Below are records to retype exactly, except for the pictures.

──────────────────────────────

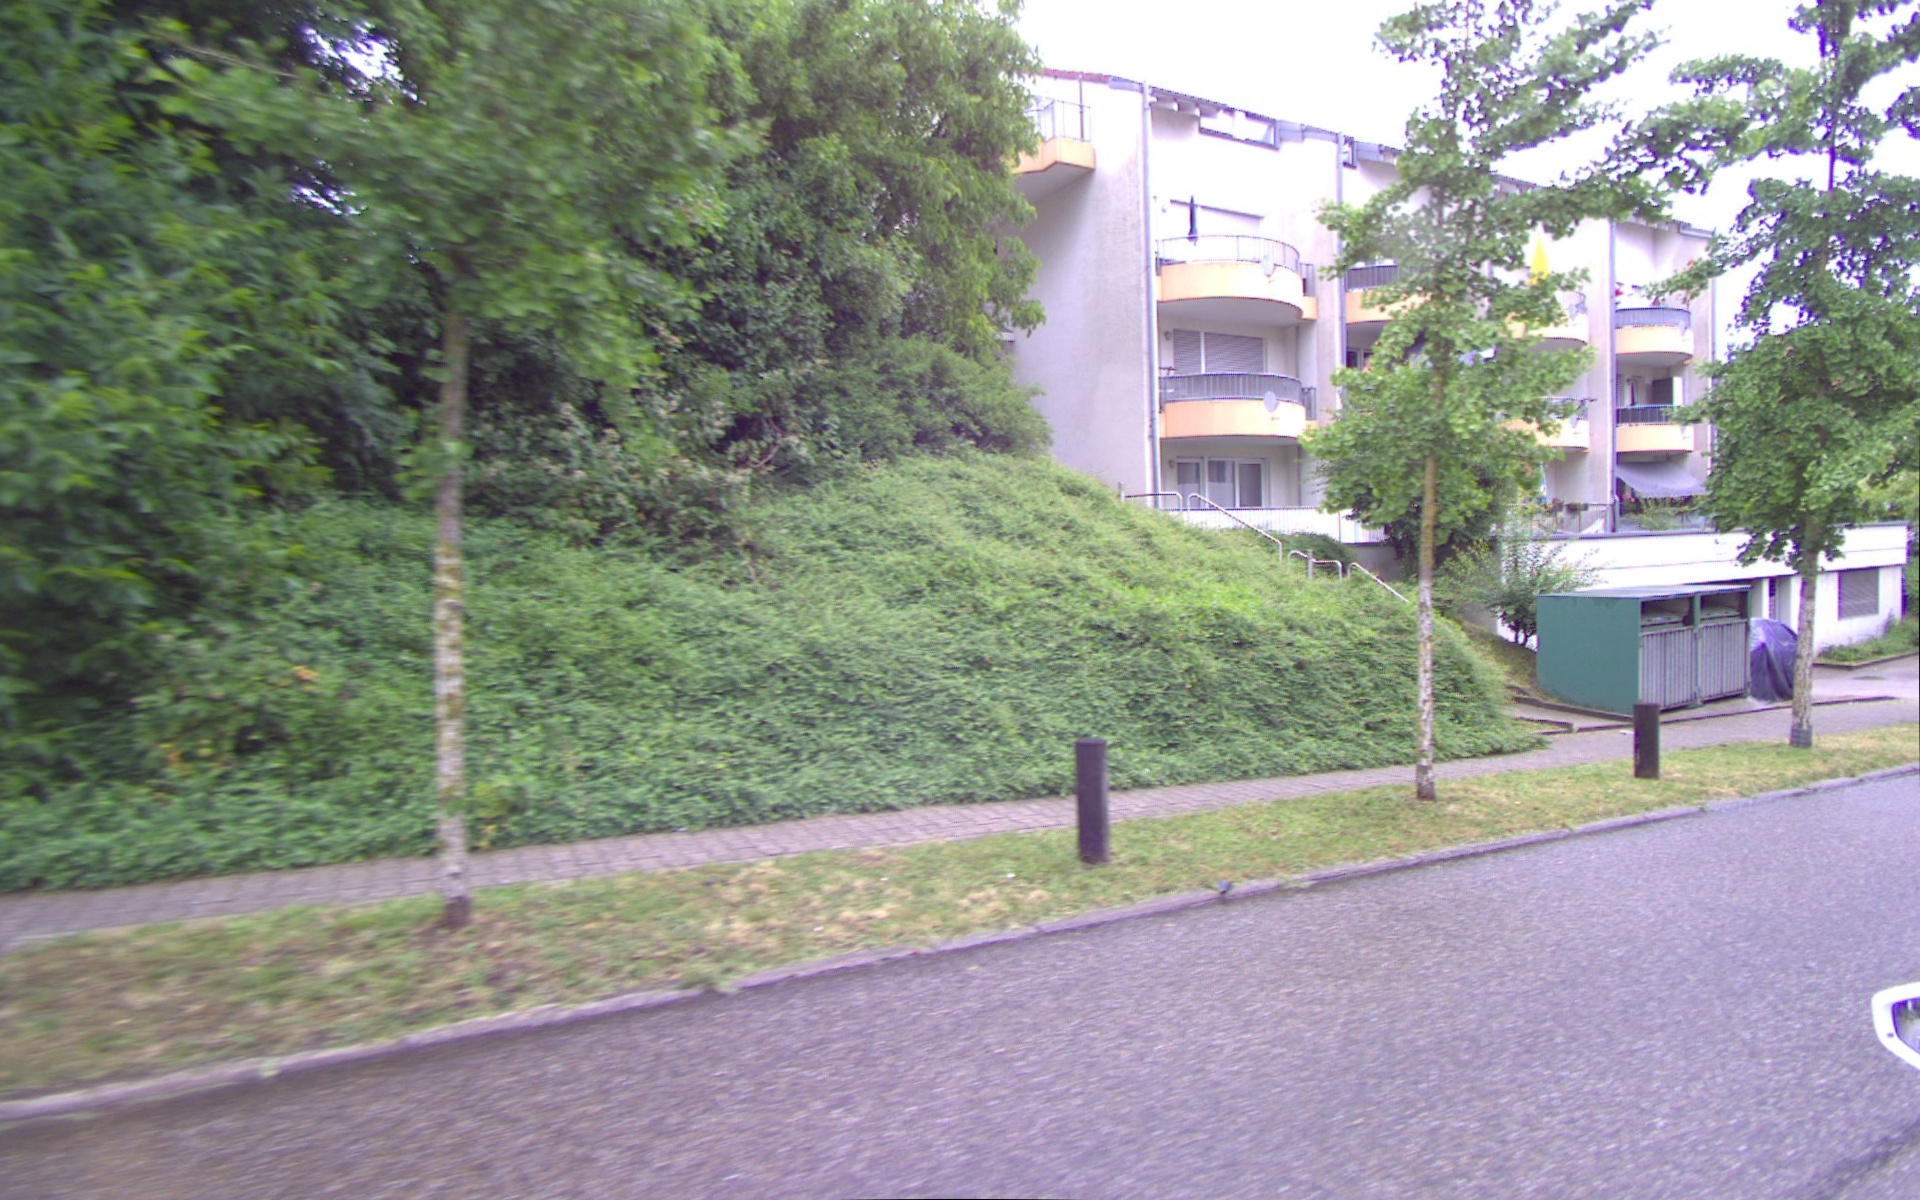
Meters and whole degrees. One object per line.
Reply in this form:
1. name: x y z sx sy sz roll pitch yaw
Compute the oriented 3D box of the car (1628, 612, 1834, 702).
1. car: 14.131 0.995 18.367 3.841 1.475 1.732 0 -3 -32

──────────────────────────────

| ANSWER AREA |
Meters and whole degrees. One object per line.
Reply in this form:
1. name: x y z sx sy sz roll pitch yaw
Compute the oriented 3D box of the car (1628, 612, 1834, 702).
1. car: 14.131 0.995 18.367 3.841 1.475 1.732 0 -3 -32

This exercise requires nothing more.